◆ What you are asked to do
Everything from the first line of the material below through the line containing "- apple (721,165,792,246)" must be retyped exactly, and nothing past it.

─── Data provided

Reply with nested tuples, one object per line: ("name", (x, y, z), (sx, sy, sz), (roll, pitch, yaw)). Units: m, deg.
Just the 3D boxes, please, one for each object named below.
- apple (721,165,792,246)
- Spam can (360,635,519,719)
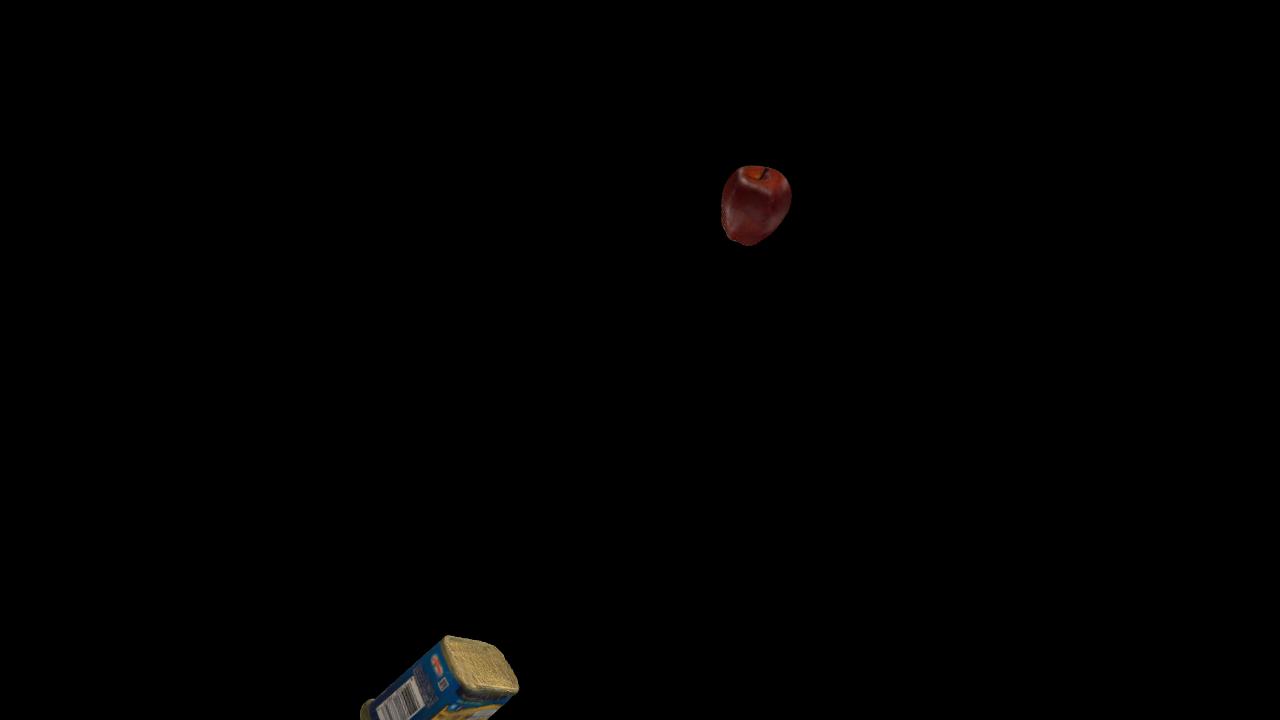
("apple", (0.130, -0.177, 0.700), (0.079, 0.079, 0.093), (0, -43, -12))
("Spam can", (-0.163, 0.285, 0.517), (0.058, 0.085, 0.101), (46, -5, 34))
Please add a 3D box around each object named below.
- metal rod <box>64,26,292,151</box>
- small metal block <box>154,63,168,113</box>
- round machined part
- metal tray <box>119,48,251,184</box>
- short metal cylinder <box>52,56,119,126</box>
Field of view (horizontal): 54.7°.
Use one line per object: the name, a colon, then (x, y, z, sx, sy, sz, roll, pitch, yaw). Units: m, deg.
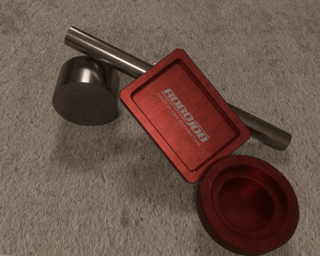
metal rod: (0.024, -0.048, 0.387, 0.301, 0.025, 0.025, 26, 53, -2)
small metal block: (0.006, -0.056, 0.435, 0.025, 0.050, 0.050, -4, 50, -4)
round machined part: (0.086, 0.081, 0.319, 0.099, 0.042, 0.098, 3, 57, -5)
metal tray: (0.027, -0.013, 0.355, 0.090, 0.030, 0.130, -39, 89, -7)
short metal cylinder: (-0.095, -0.047, 0.406, 0.081, 0.080, 0.050, -1, 50, -1)
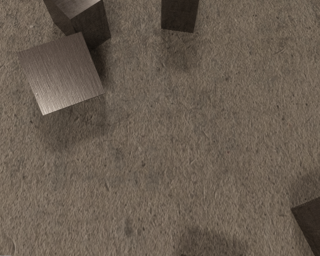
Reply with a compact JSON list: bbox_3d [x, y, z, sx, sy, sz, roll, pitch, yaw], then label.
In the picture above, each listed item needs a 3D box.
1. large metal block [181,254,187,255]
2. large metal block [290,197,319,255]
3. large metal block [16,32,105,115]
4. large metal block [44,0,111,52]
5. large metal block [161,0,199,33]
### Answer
[{"bbox_3d":[0.052,0.188,0.327,0.080,0.050,0.080,16,71,5],"label":"large metal block"},{"bbox_3d":[0.215,0.114,0.356,0.081,0.050,0.080,-20,71,-8],"label":"large metal block"},{"bbox_3d":[-0.124,-0.069,0.402,0.080,0.050,0.080,-21,98,-8],"label":"large metal block"},{"bbox_3d":[-0.119,-0.164,0.437,0.050,0.080,0.080,-39,75,-13],"label":"large metal block"},{"bbox_3d":[0.033,-0.200,0.452,0.050,0.080,0.080,9,70,3],"label":"large metal block"}]
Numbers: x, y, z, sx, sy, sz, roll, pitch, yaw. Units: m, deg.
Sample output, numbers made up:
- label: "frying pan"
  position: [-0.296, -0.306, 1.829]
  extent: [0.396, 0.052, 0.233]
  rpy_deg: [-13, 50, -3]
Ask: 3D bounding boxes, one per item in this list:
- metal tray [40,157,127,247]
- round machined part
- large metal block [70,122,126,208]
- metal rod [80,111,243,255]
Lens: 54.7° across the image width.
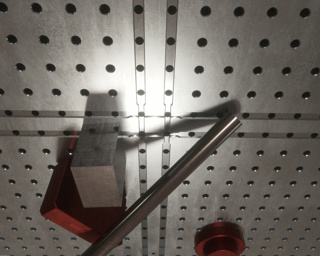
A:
- label: "metal tray"
  position: [-0.107, 0.115, 0.465]
  extent: [0.030, 0.090, 0.130]
  rpy_deg: [-30, 124, 23]
- label: "round machined part"
  position: [0.118, 0.237, 0.604]
  extent: [0.099, 0.042, 0.097]
  rpy_deg: [-1, 130, 0]
- label: "large metal block"
  position: [-0.078, 0.049, 0.416]
  extent: [0.050, 0.080, 0.079]
  rpy_deg: [-2, 130, 1]
- label: "metal rod"
  position: [-0.007, 0.092, 0.418]
  extent: [0.300, 0.025, 0.025]
  rpy_deg: [-45, 120, 5]
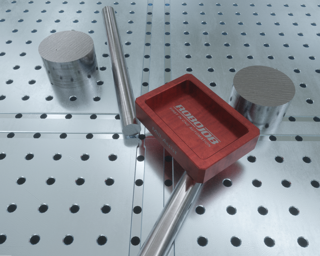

──────

◆ Solution for this task
Reply with nested tuples, one object per line: ("name", (x, y, z), (sx, sy, sz), (roll, pitch, yaw)). Units: m, deg.
Just the 3D boxes, please, one for each object named below.
- apple (721,165,792,246)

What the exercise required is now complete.